Ueber unsere Freunde und besonders den Verstorbenen[23] spräch ich gern mit Ihnen. Aus andern Aeußerungen war es mir so erschienen, als habe er sich in der letzten Zeit vom Katholizismus wieder mehr abgewendet und zu der indischen Weisheit hin, die er in seinem Buche so wenig günstig behandelt hatte. Es gehört zum consequenten Philosophiren auch eine gewisse Stärke des Charakters und diese mag ihm wohl am meisten gefehlt haben. Wenn ich in diesem Jahr noch eine Reise machen kann, so denke ich auf ein Paar Wochen nach Paris zu gehen, und das führt mich leider nicht zu Ihnen.

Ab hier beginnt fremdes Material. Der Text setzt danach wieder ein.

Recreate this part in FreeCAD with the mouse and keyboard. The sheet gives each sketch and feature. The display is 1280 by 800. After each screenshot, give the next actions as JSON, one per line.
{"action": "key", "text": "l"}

Meine besten Grüße an die Ihrigen und an unsere Freundin Alberti, wenn sie noch bei Ihnen ist.

Schleiermacher.

III.

Berlin, d. 9ten Mai 1831.

Diesmal lieber Freund ist es ein Amerikaner, den ich Ihnen zusende Mr. Walter-Haven; aber ich weiß wirklich nicht mehr aus welchem Staat. Er hat sich hier schon sehr degourdirt, und Sie werden gewiß auch Ihren Beitrag dazu geben, dies gute Werk an ihm zu fördern. Wenn nur Jeder, den ich Ihnen schicke, zugleich ein Executor wäre für die Cevennen! aber leider habe ich nun alle Hoffnung aufgegeben.

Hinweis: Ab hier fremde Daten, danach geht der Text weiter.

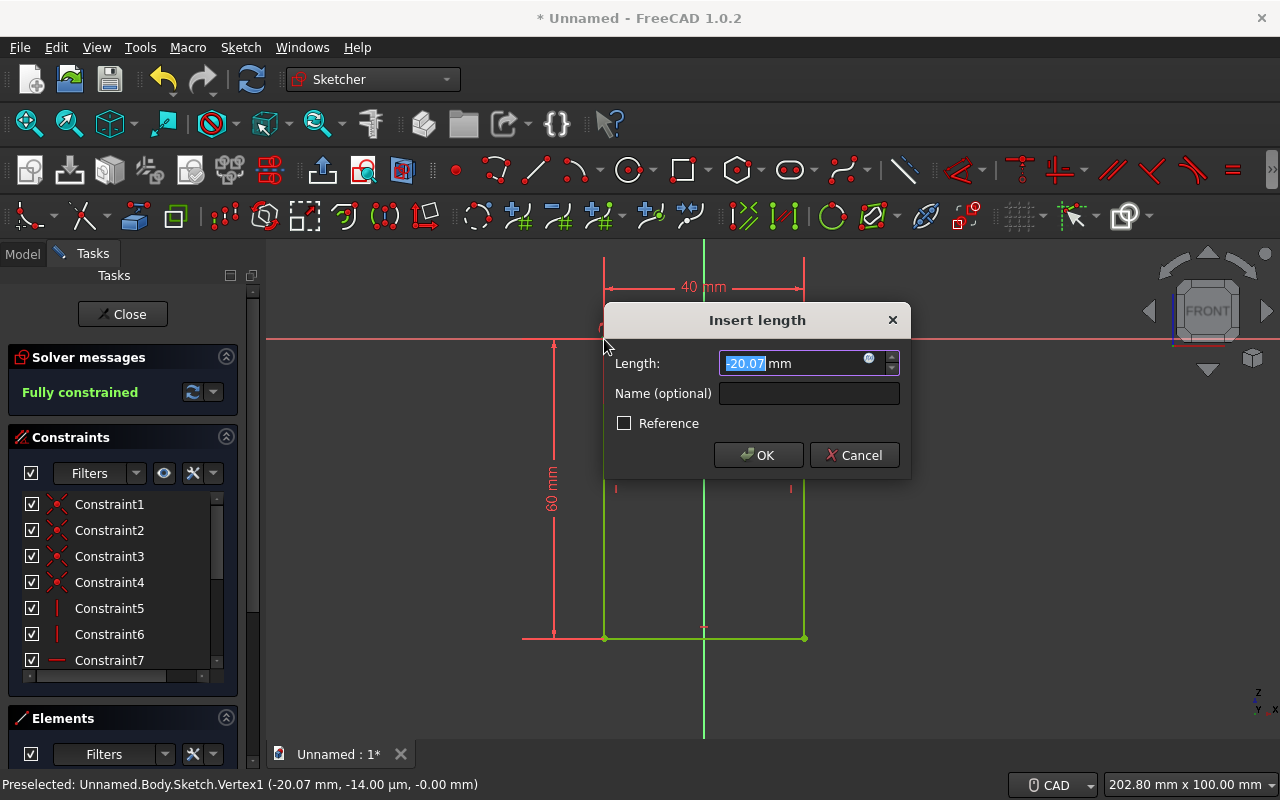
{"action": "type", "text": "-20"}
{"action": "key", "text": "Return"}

Mir ist die Reise, auf der wir uns zuletzt sahen, nicht sonderlich bekommen. Ich fand noch in Basel die Brechruhr, und habe mich mit der lezten Hälfte davon den ganzen Winter gequält. Jetzt endlich bin ich ganz frei von allen Nachwehn. Mögen Sie besseres rühmen können. Empfehlen Sie mich allen Ihrigen auf das beste.

Schleiermacher.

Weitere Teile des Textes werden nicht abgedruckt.